- Directed by: Roman Kachanov
- Written by: Kir Bulychov
- Produced by: Soyuzmultfilm
- Starring: Vladimir Ferapontov, Youry Volyntsev, Olga Gromova, Youry Andreyev, Alexander Kaidanovsky
- Cinematography: Kabul Rasulov
- Edited by: Elena Beliavskaya
- Music by: Yury Saulsky
- Release date: June 4, 1985 (USSR);
- Running time: 20 minutes
- Country: Soviet Union
- Language: Russian

= Two Tickets to India =

Two tickets to India (Два билета в Индию, Dva bileta v Indiu) is a 1985 Soviet/Russian traditionally animated short film directed Roman Kachanov. It was produced at the Soyuzmultfilm studio in Moscow and is based on the story of the same name by Kir Bulychov.
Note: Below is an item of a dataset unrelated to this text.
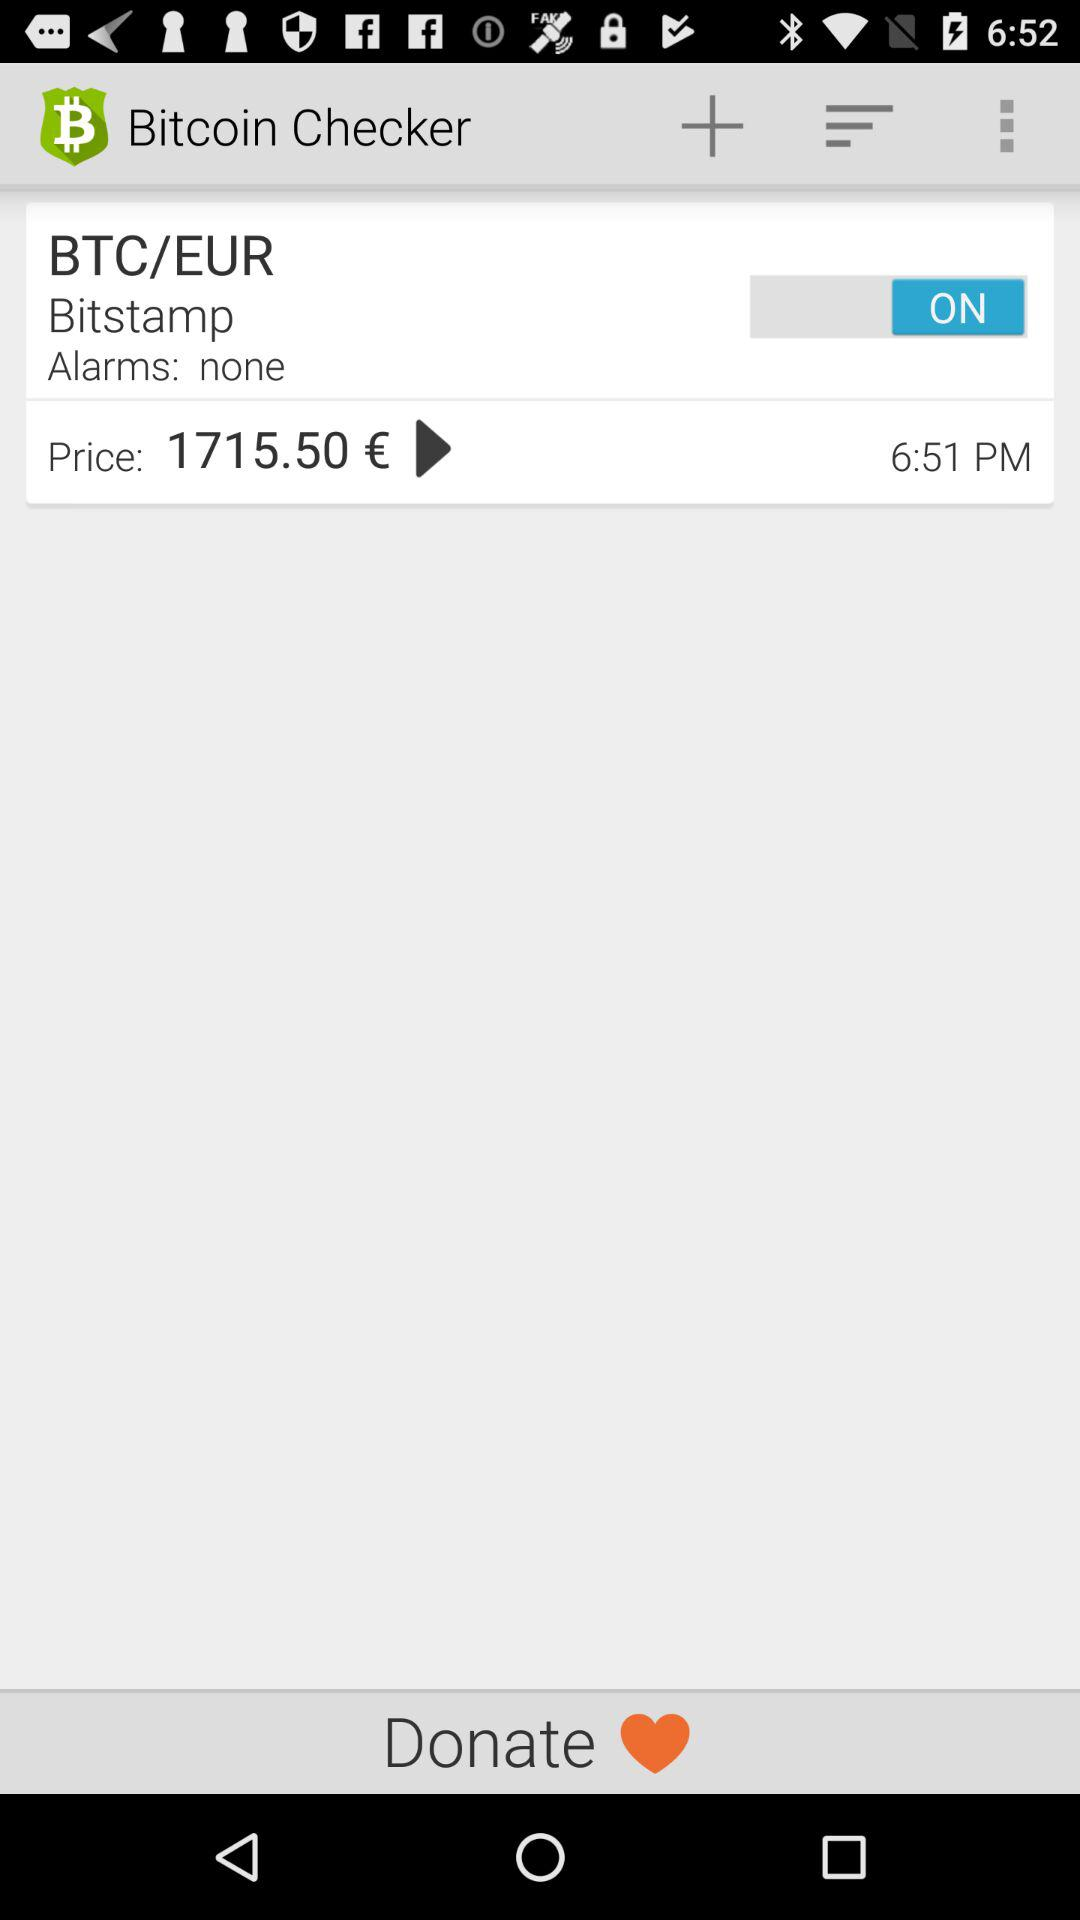What is the status of "BTC/EUR"? The status of "BTC/EUR" is "on". 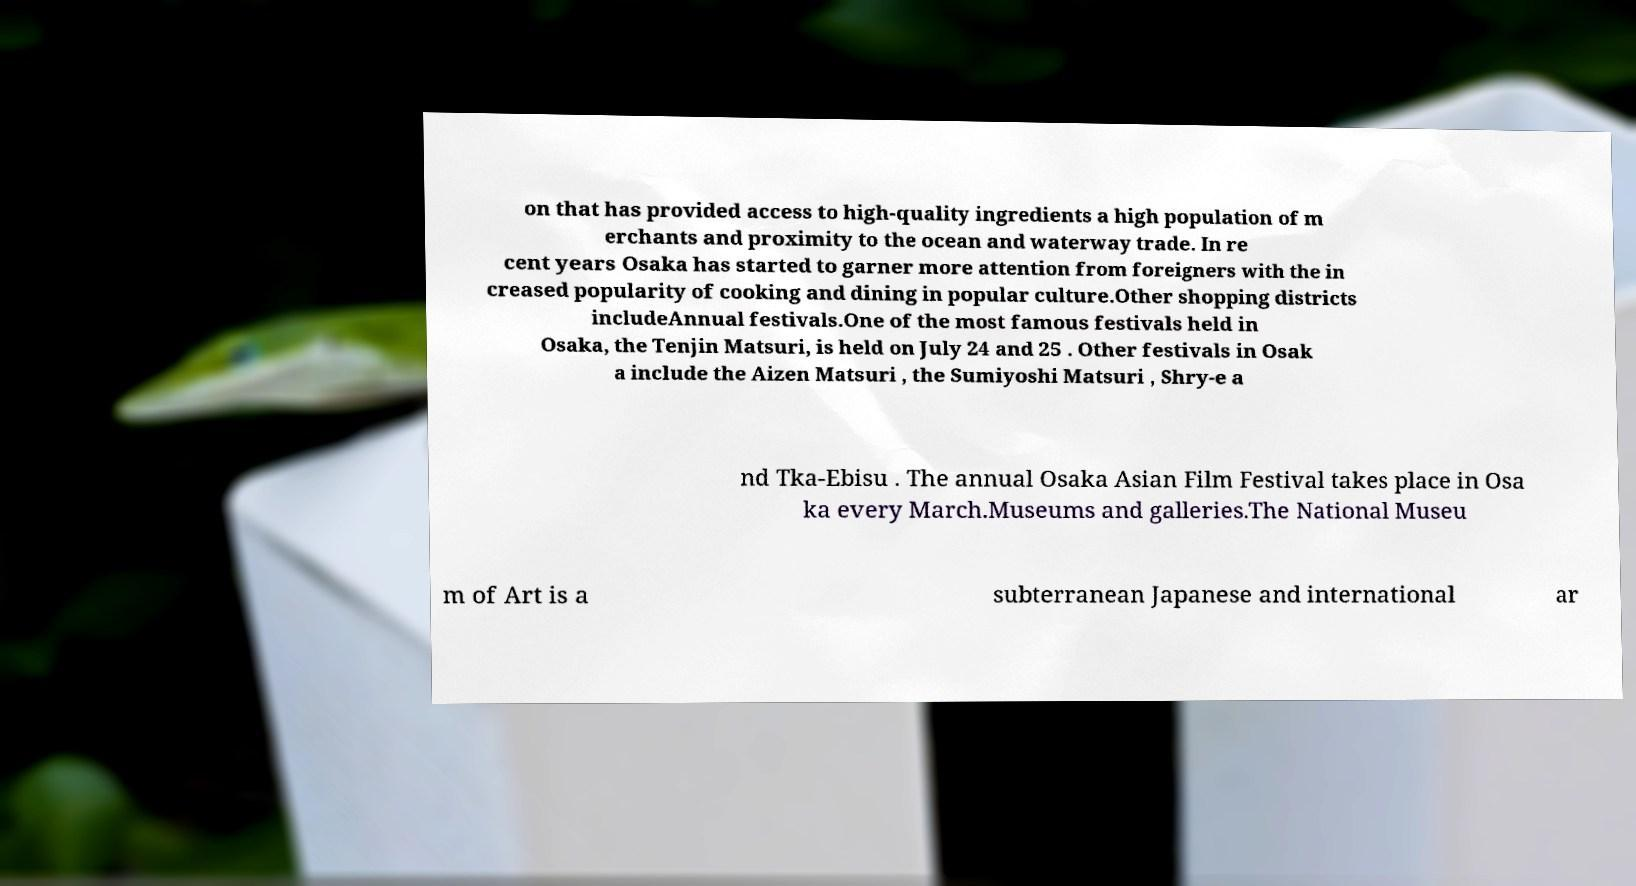Could you assist in decoding the text presented in this image and type it out clearly? on that has provided access to high-quality ingredients a high population of m erchants and proximity to the ocean and waterway trade. In re cent years Osaka has started to garner more attention from foreigners with the in creased popularity of cooking and dining in popular culture.Other shopping districts includeAnnual festivals.One of the most famous festivals held in Osaka, the Tenjin Matsuri, is held on July 24 and 25 . Other festivals in Osak a include the Aizen Matsuri , the Sumiyoshi Matsuri , Shry-e a nd Tka-Ebisu . The annual Osaka Asian Film Festival takes place in Osa ka every March.Museums and galleries.The National Museu m of Art is a subterranean Japanese and international ar

Compared to the book the story was significantly shortened.

==Plot==
The astronauts from the planet Geda fly to India on a symposium on animal protection of the Galaxy. As a result of a technical malfunction one of them finds himself in a Young Pioneer camp near Moscow. He looks exactly like a tiger, so he cannot travel by himself. With the help of the girl of Yulya and her grandmother, the astronaut manages to reach India.